Further info about windows API
credits:Jason C
It's not just the text box; WM_SETTEXT in general provides no parameter for specifying the string length, and strings are always assumed to terminate at null. You could always create a custom text box with a custom message that specified the string length, but Notepad and most other programs reasonably do not. Also the function SetWindowText does not provide a length parameter as well.
Solution 3:
Notepad does not preserve all special / extended characters exactly as they are. I don't have a reference for this behaviour immediately at hand but have found this to be the case for example with UNIX-style end of line LF which Notepad will convert into CRLF and null (0x00) which it will ignore. In a binary file such as a JPG there are liable to be random occurrences of the character(s) that Notepad does not preserve. Try your experiment with a HEX-aware editor and it should work then. I'll update my answer if I find a good reference and once I've tested a HEX editor.
Update: I tried a few well known programmers editors but only one of them worked right off the bat, HxD by Maël Hörz. I never used HxD before but found it thanks to an answer to this Stack article, A hex viewer / editor plugin for Notepad++.

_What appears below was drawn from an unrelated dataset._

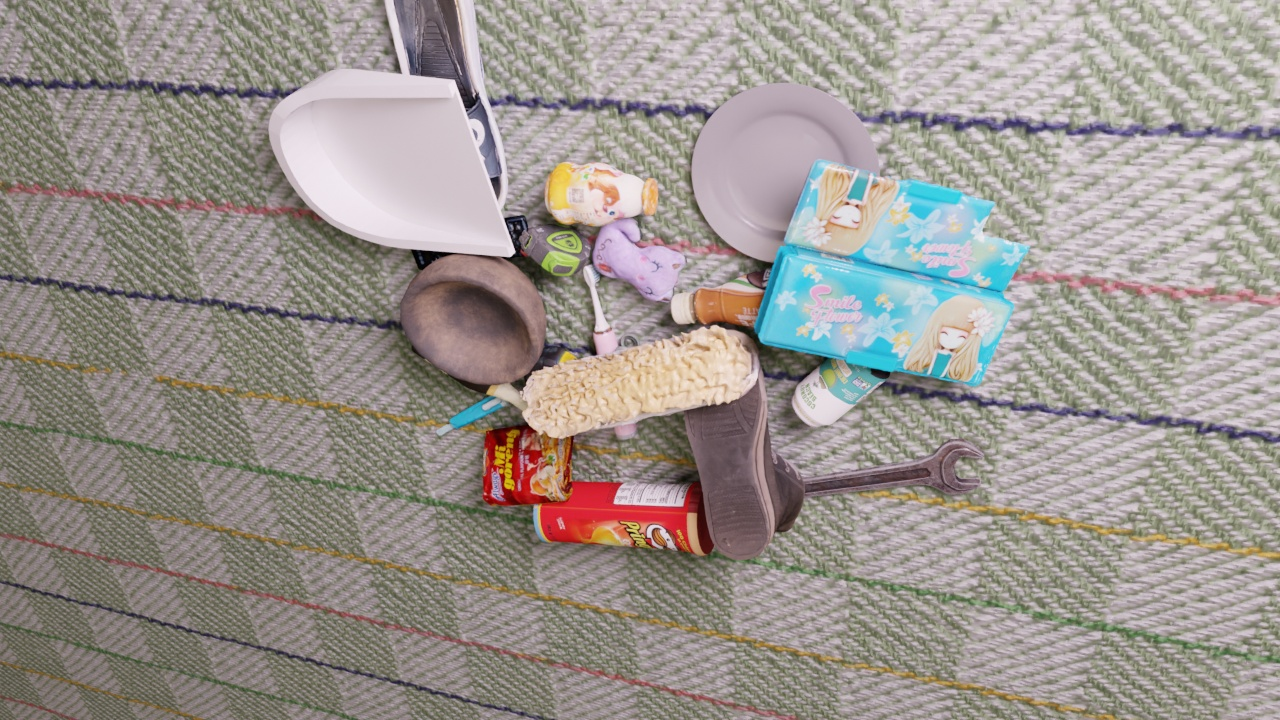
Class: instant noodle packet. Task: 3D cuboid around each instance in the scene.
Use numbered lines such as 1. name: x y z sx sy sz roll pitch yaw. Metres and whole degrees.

The other editors that didn't work after a few minutes effort were Notepad++, Notepad2 and UltraEdit (v17.3, older version). A couple of these had problems with the copy / paste of the first few bytes, the JPEG file signature magic number FF D8 FF. Maybe they would work with a little more fiddling than I have time for at present.
Solution 4:
You used to be able to do this with Write back in the day. It was a standard program in Windows 3.1 but I can't remember if Windows 95 included it. Write would allow binary safe editing of any file it could open (probably very limited file size). Notepad is definitely not binary safe (the text remains the same but the actual bytes of non-text characters [e.g. control codes] may change) which is why your JPG example is not working. Try getting a copy of Write (and very old Windows) and try your experiment again!
According to Wikipedia's "Windows Write" article Write was included up to Windows NT 3.5. It was replaced by Wordpad in Windows 95 onwards. write.exe
was still present in the Windows directory but was simply a wrapper for opening Wordpad.